Reproduce only the lines of the material below that start at the line containing "object name: locket" and stop at the line containing "description: Eenzijdig medaillon". Keep both end lines.

- Dataset entries
--

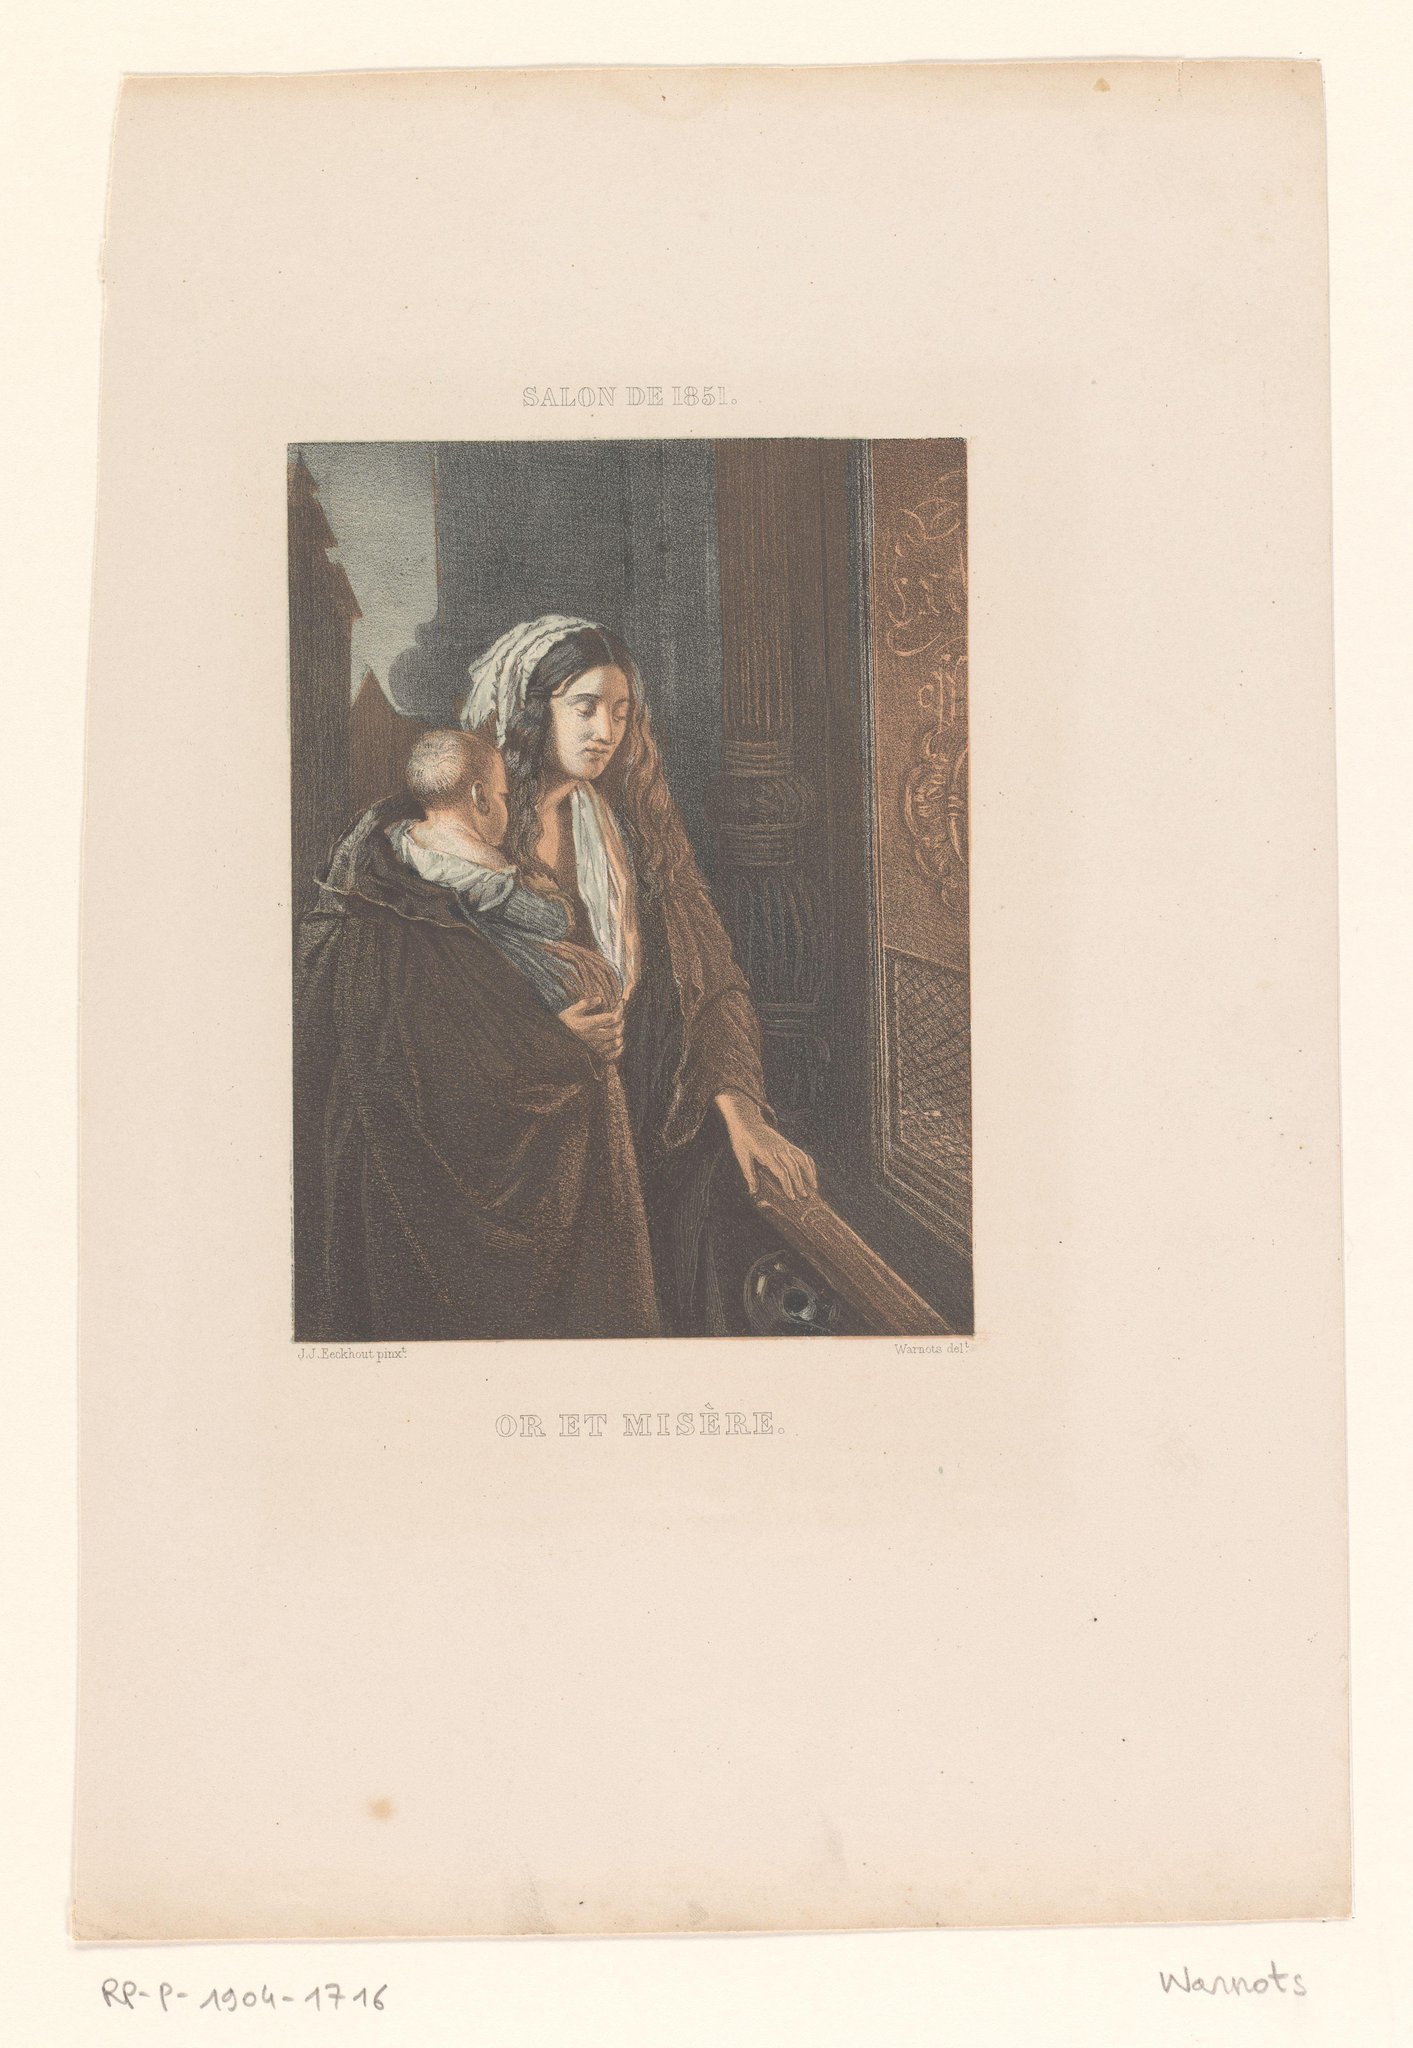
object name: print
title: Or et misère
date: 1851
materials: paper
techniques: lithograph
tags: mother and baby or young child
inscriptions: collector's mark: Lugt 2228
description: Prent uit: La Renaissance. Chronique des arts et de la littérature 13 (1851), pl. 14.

--

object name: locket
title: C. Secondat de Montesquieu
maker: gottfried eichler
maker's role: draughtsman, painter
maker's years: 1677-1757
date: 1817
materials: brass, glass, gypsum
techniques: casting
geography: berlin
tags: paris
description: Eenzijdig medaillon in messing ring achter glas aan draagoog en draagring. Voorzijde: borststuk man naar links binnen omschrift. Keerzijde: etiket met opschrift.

--

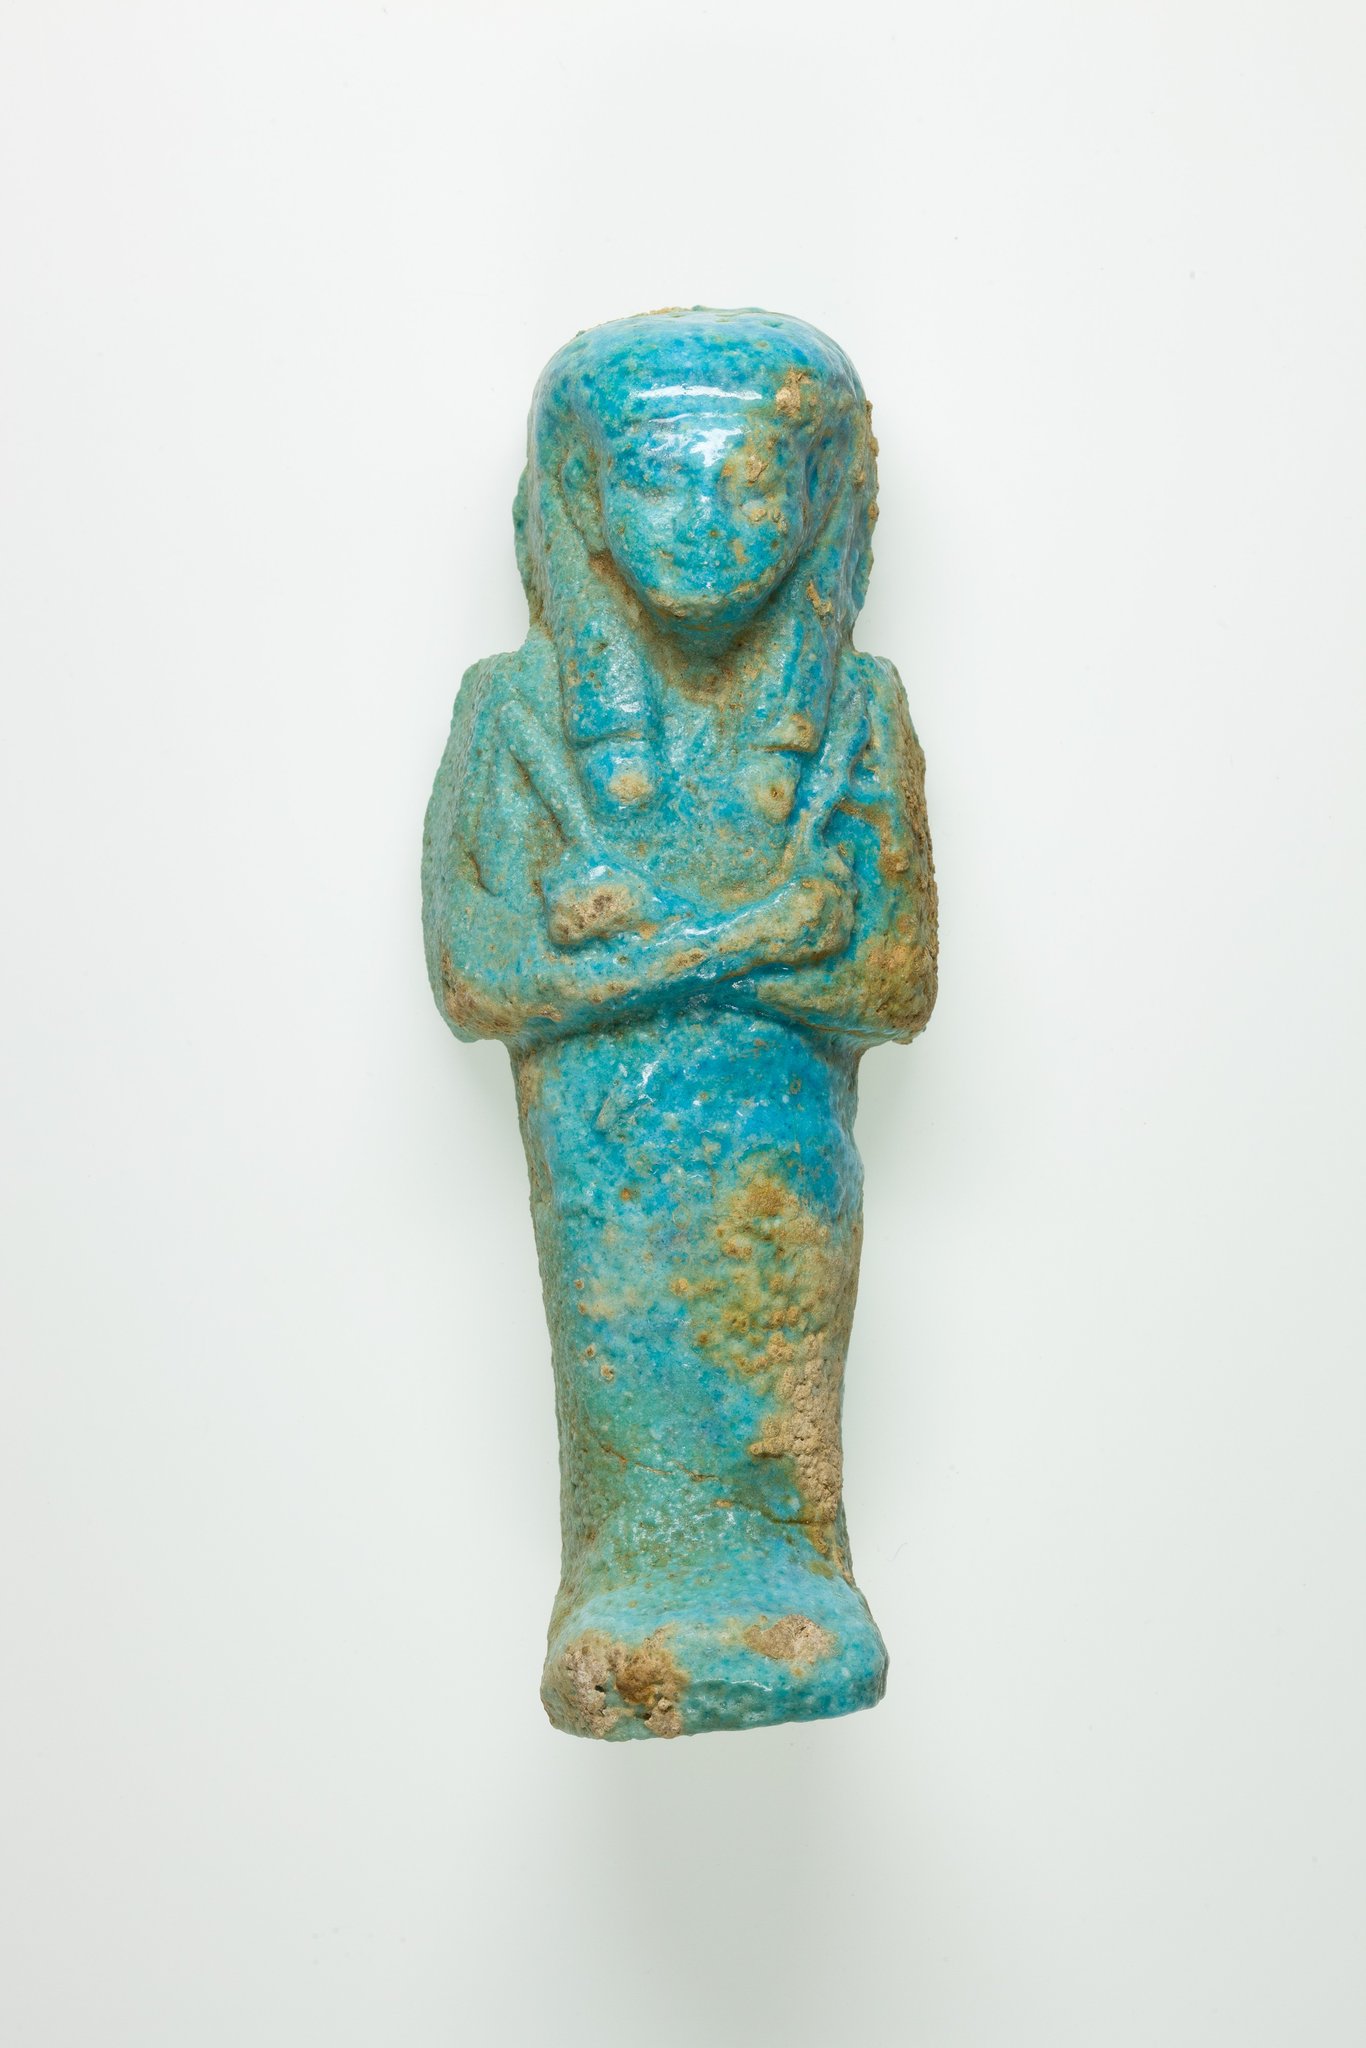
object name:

--

- Worked solution
object name: locket
title: C. Secondat de Montesquieu
maker: gottfried eichler
maker's role: draughtsman, painter
maker's years: 1677-1757
date: 1817
materials: brass, glass, gypsum
techniques: casting
geography: berlin
tags: paris
description: Eenzijdig medaillon in messing ring achter glas aan draagoog en draagring. Voorzijde: borststuk man naar links binnen omschrift. Keerzijde: etiket met opschrift.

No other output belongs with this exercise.